History of the Peloponnesian War
Thucydides
Thucydides, Vol. 1-4. Smith, Charles Foster, translator. London and Cambridge, MA: Heinemann and Harvard University Press, 1919-1923.
These merchant-ships he placed at intervals of about two hundred feet from one another, in order that any ships which should be hard pressed might find safe refuge inside and again sail out at leisure.

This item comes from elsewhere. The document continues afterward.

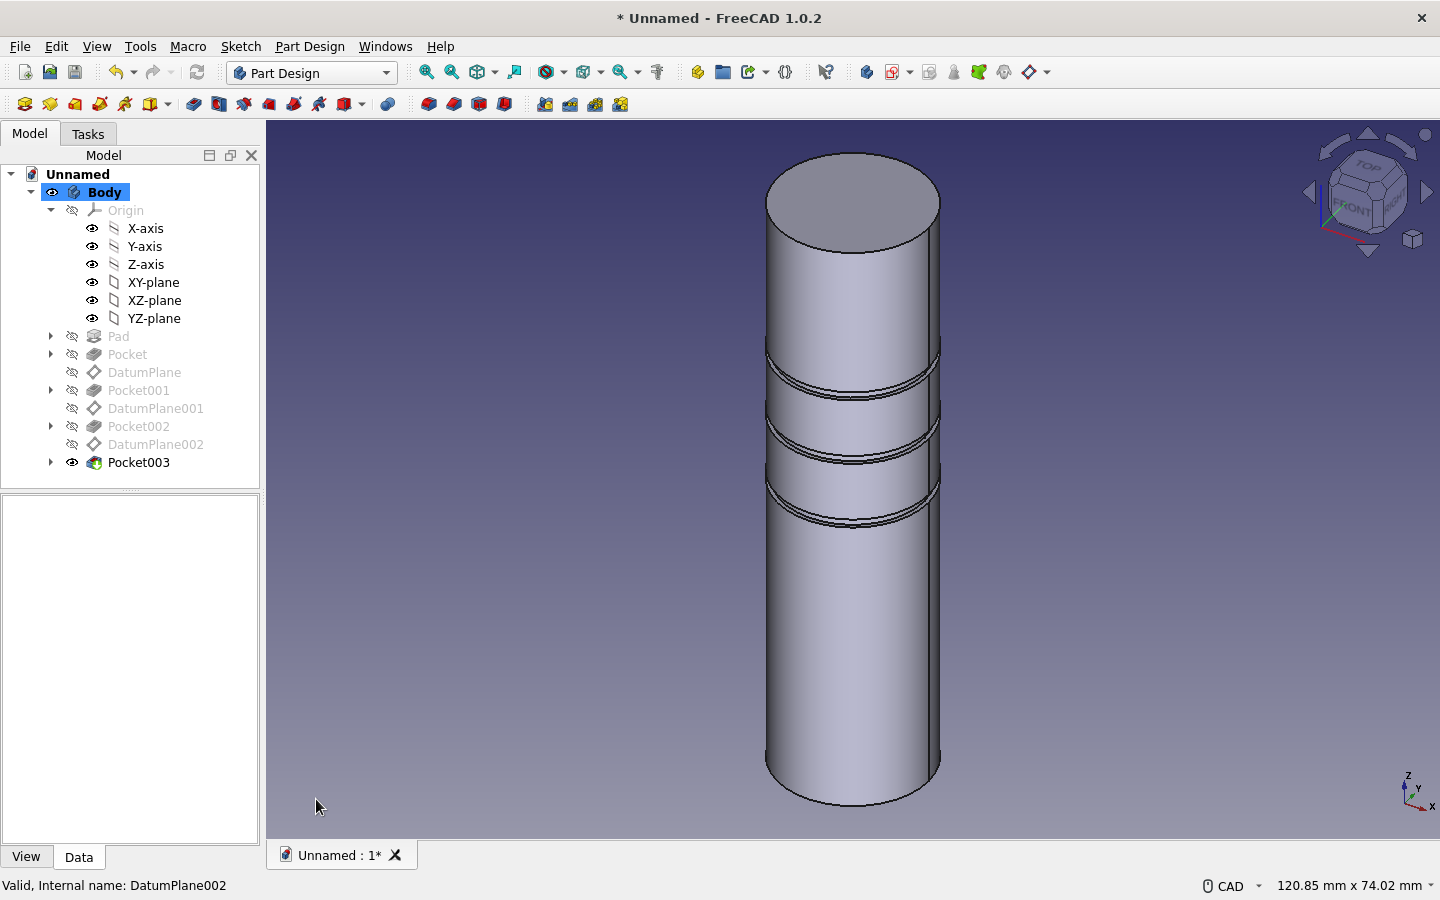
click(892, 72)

In these preparations the Athenians spent the whole day until nightfall.
On the day following the Syracusans came into conflict with the Athenians at an earlier hour, but using the same offensive as before both by land and by sea.
The two fleets faced one another in the same fashion and again spent a great part of the day in skirmishing, until at last Ariston son of Pyrrhichus, a Corinthian, the best pilot of the Syracusan fleet, persuaded the commanders of the Syracusan naval forces to send word to the officers in control in the city and request them to move down to the shore as quickly as possible the market in which goods are offered for sale, forcing all the hucksters to bring there whatever food supplies they had and sell them, in order that the crews might land and at once take dinner close to the ships, and then after a short interval on the same day make a second attack on the Athenians when they were not expecting it.
The Syracusan commanders accordingly, being won over to this plan, sent a messenger, and the market was prepared. Then the Syracusans, suddenly rowing astern, sailed back to the city, where they disembarked and at once made their dinner on the spot.